How to revive plants and restore them to good health

How to revive plants and restore them to good health

Millie knows how to sniff out a bargain at the nursery, and she shares a couple of tips to help you make the most of the bargain bench.

Tip One – Avoid the annuals

Annual plants in punnets or pots that are already most of the way through their lifecycle and have already begun producing flowers or fruit are best avoided. They are past their best, and are unlikely to do any good. Straight to the compost with these ones, and anything showing signs of pest and disease!

Tip Two – Is this the tree for me?

Any large potted trees in the clearance area of your nursery should have their roots thoroughly inspected before you take them home. Pull them out of their pots – if there is a mass of roots, coiling around the pot, peeking out the drainage holes or visible on the surface, give this tree a miss. Heavily pot bound trees are unlikely to ever develop a great root system, and will be at risk of failure and tipping over in the future.

Tip Three – Green is go, brown is no!

If you’re wondering whether a plant is alive or not, here’s a simple tip to locate the cambium layer, even on deciduous plants. Give the bark on the trunk a bit of a scratch with your fingernail – if you can see a nice, fresh, green layer, the plant is alive. If the cambium appears brown, there is no signs of life, and this plant should probably be avoided.

Tip Four – Signs of life

When selecting a shrub from the clearance corner, signs of new growth are always promising, even on plants that have had a rough life! Have a look for new growth appearing on the tips of plants, or from buds at the base of the trunk. And, when you get these home, encourage further growth by pruning of any dead and damaged foliage.

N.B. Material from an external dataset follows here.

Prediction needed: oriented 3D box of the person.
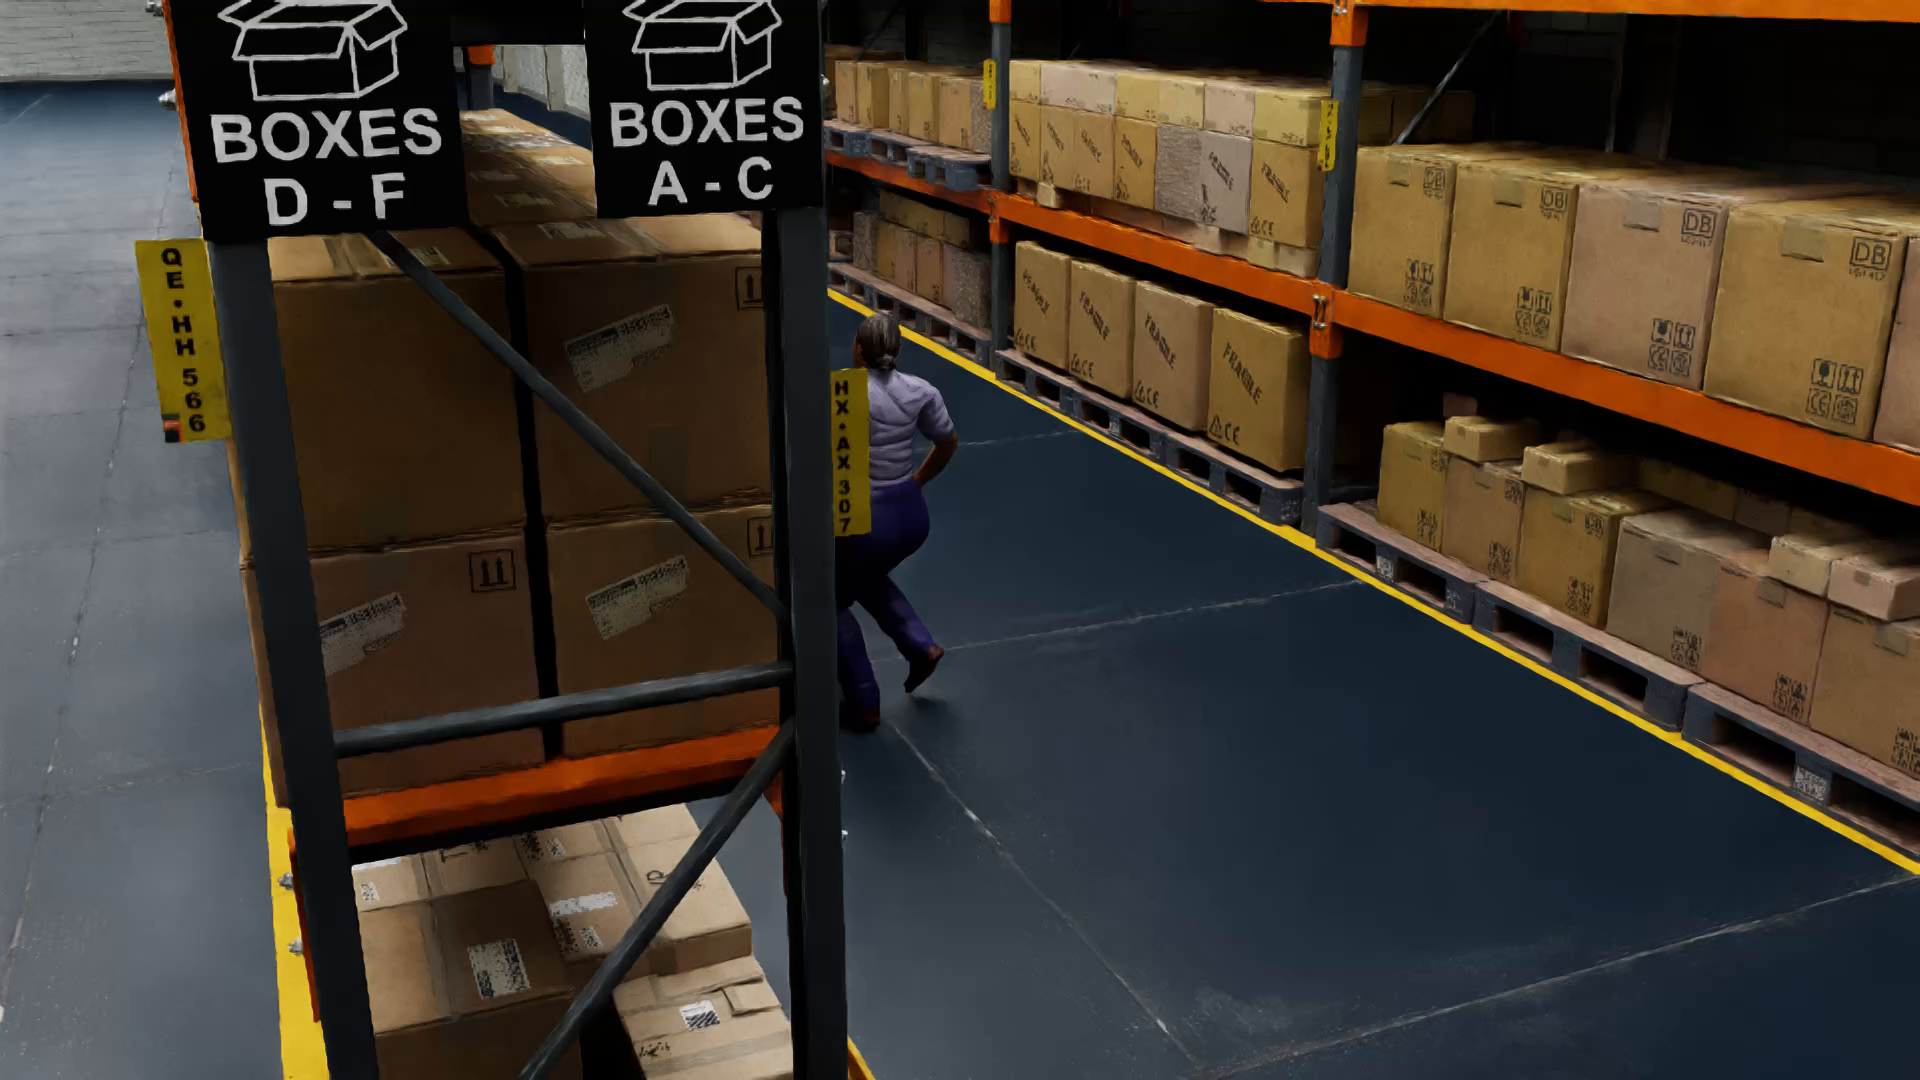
[{"bbox_3d":[-0.375,-0.069,6.344,0.485,1.602,0.663,15,24,38],"label":"person"}]

Tip Five – Water is the key

So often, the plants on the bargain bench at the nursery (and even those at home) perform poorly due to water issues – either too much, or too little. For plants, especially ferns that have are suffering from extremely dry soil, the best tip is to cut of the foliage to ground level, and give the pots a deep soaking in water.

Tip Six – New digs

Pot bound plants will need a good rejuvenation of the root system to get them humming again, and the best way to do this is by repotting. A key to successful repotting is to only go up one pot size at a time – too big a size jump, and the plant can suffer from serious transplant shock. Remove any spent flowers from the plant as this will ensure that the plant puts in energy into root production rather than unnecessary flower production.